Division of Gastroenterology, The Ottawa Hospital, Ottawa, ON, K1H 8L6, Canada.
Clinical Epidemiology Program, Ottawa Hospital Research Institute, Ottawa, ON, K1H 8L6, Canada.
Epigenomics. 2022 Apr;14(8):481-497. doi: 10.2217/epi-2021-0343. Epub 2022 Apr 27.
In this methylome-wide association study of cholestatic liver diseases (primary sclerosing cholangitis and primary biliary cholangitis), the authors aimed to elucidate changes in methylome and pathway enrichment to identify candidate genes Reduced representation bisulfite sequencing was performed on liver tissue from 58 patients with primary sclerosing cholangitis (n = 13), primary biliary cholangitis (n = 20), alcoholic liver disease (n = 21) and live liver donors (n = 4). Pathway enrichment and network analysis were used to explore key genes/pathways. Both cholestatic liver diseases were characterized by global hypomethylation, with pathway enrichment demonstrating distinct genes and pathways associated with the methylome. This novel study demonstrated that differential methylation in cholestatic liver disease was associated with unique pathways, suggesting it may drive disease pathogenesis.

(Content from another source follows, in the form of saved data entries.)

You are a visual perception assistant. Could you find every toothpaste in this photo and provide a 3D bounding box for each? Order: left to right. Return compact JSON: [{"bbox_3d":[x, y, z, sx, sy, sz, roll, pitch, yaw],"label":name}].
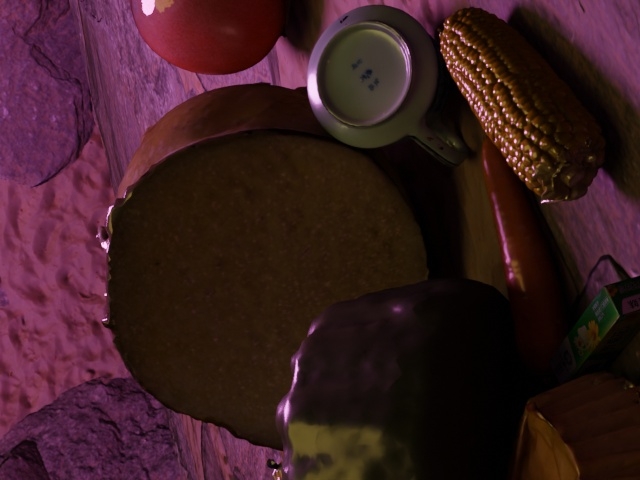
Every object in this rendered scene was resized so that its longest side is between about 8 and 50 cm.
[{"bbox_3d":[0.270,0.090,1.569,0.178,0.043,0.037,110,140,-60],"label":"toothpaste"}]

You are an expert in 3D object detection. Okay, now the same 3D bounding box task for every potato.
[{"bbox_3d":[-0.066,0.012,2.019,0.319,0.385,0.442,-93,-8,-66],"label":"potato"}]

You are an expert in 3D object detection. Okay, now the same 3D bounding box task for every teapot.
[{"bbox_3d":[0.082,-0.173,1.825,0.232,0.159,0.159,52,154,21],"label":"teapot"}]

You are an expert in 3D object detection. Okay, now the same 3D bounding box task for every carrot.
[{"bbox_3d":[0.210,0.015,1.684,0.062,0.066,0.271,-16,83,29],"label":"carrot"}]

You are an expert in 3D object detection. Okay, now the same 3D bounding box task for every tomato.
[{"bbox_3d":[-0.153,-0.355,2.263,0.256,0.224,0.255,176,90,-76],"label":"tomato"}]

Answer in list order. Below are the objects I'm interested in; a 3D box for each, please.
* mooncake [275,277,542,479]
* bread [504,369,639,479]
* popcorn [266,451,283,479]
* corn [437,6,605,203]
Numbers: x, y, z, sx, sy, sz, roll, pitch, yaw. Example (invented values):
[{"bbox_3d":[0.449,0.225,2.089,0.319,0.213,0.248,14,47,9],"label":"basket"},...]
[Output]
[{"bbox_3d":[0.103,0.219,1.688,0.194,0.356,0.356,-6,101,28],"label":"mooncake"},{"bbox_3d":[0.264,0.258,1.547,0.274,0.149,0.274,173,90,-73],"label":"bread"},{"bbox_3d":[0.013,0.338,2.334,0.218,0.169,0.189,177,80,-68],"label":"popcorn"},{"bbox_3d":[0.189,-0.137,1.573,0.091,0.091,0.260,40,-167,-44],"label":"corn"}]
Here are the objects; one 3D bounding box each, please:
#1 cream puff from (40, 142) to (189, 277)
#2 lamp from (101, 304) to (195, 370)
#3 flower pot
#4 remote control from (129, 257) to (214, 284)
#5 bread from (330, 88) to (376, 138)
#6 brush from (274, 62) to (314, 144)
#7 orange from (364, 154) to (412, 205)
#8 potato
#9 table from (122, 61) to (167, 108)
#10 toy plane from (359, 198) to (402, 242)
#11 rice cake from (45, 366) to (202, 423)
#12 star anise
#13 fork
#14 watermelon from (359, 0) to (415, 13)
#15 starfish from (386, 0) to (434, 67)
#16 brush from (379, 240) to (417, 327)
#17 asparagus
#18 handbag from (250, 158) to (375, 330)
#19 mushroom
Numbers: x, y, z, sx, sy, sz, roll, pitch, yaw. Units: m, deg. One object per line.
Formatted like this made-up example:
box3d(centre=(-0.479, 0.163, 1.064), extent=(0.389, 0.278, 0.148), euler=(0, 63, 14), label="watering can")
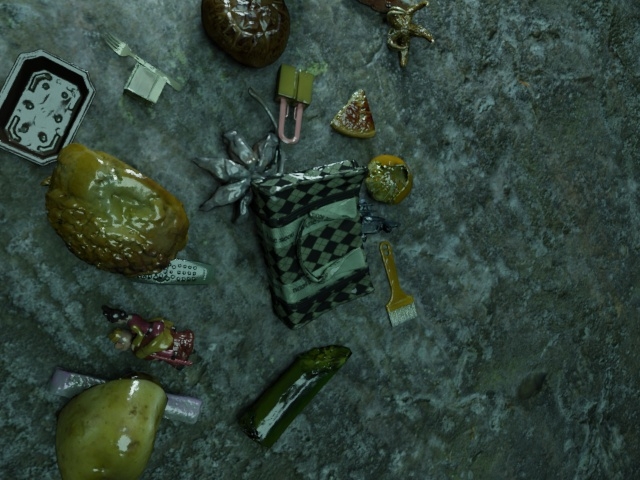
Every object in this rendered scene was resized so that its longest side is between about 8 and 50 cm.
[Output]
box3d(centre=(-0.473, -0.051, 1.212), extent=(0.231, 0.327, 0.343), euler=(-57, 151, -9), label="cream puff")
box3d(centre=(-0.443, 0.247, 1.343), extent=(0.253, 0.118, 0.118), euler=(23, 82, -29), label="lamp")
box3d(centre=(-0.655, -0.307, 1.257), extent=(0.178, 0.084, 0.251), euler=(25, 82, -22), label="flower pot")
box3d(centre=(-0.392, 0.082, 1.402), extent=(0.221, 0.042, 0.072), euler=(6, 89, -22), label="remote control")
box3d(centre=(0.117, -0.360, 1.607), extent=(0.136, 0.054, 0.154), euler=(40, 82, -18), label="bread")
box3d(centre=(-0.081, -0.374, 1.495), extent=(0.103, 0.047, 0.234), euler=(12, 72, -22), label="brush")
box3d(centre=(0.208, -0.185, 1.610), extent=(0.156, 0.134, 0.157), euler=(7, 75, -26), label="orange")
box3d(centre=(-0.488, 0.464, 1.227), extent=(0.285, 0.242, 0.243), euler=(-22, 101, 3), label="potato")
box3d(centre=(-0.447, -0.393, 1.356), extent=(0.083, 0.062, 0.079), euler=(26, 81, -22), label="table")
box3d(centre=(0.157, -0.044, 1.619), extent=(0.246, 0.078, 0.169), euler=(3, 117, -27), label="toy plane")
box3d(centre=(-0.483, 0.400, 1.357), extent=(0.398, 0.064, 0.070), euler=(20, 73, -22), label="rice cake")
box3d(centre=(-0.199, -0.189, 1.426), extent=(0.316, 0.139, 0.360), euler=(-39, 109, -27), label="star anise")
box3d(centre=(-0.455, -0.458, 1.376), extent=(0.219, 0.028, 0.034), euler=(32, 71, -25), label="fork")
box3d(centre=(0.182, -0.776, 1.617), extent=(0.241, 0.094, 0.154), euler=(29, 86, -25), label="watermelon")
box3d(centre=(0.277, -0.638, 1.647), extent=(0.146, 0.074, 0.190), euler=(-7, 117, -9), label="starfish")
box3d(centre=(0.235, 0.133, 1.691), extent=(0.103, 0.013, 0.272), euler=(-19, 98, -22), label="brush")
box3d(centre=(-0.064, 0.418, 1.520), extent=(0.382, 0.108, 0.128), euler=(-44, 106, -18), label="asparagus")
box3d(centre=(0.000, 0.000, 1.441), extent=(0.316, 0.180, 0.416), euler=(-20, 120, -21), label="handbag")
box3d(centre=(-0.194, -0.589, 1.420), extent=(0.253, 0.153, 0.253), euler=(4, 81, -29), label="mushroom")

在这项关于胆汁淤积性肝病(原发性硬化性胆管炎和原发性胆汁性胆管炎)的全基因组甲基化关联研究中,作者旨在阐明甲基化组的变化和途径富集,以确定候选基因。对 58 名原发性硬化性胆管炎(n=13)、原发性胆汁性胆管炎(n=20)、酒精性肝病(n=21)和活体肝供体(n=4)患者的肝组织进行了简化代表性双硫代测序。利用途径富集和网络分析来探索关键基因/途径。这两种胆汁淤积性肝病均表现为全基因组低甲基化,途径富集显示与甲基化组相关的独特基因和途径。这项新的研究表明,胆汁淤积性肝病中的差异甲基化与独特的途径相关,提示其可能驱动疾病发病机制。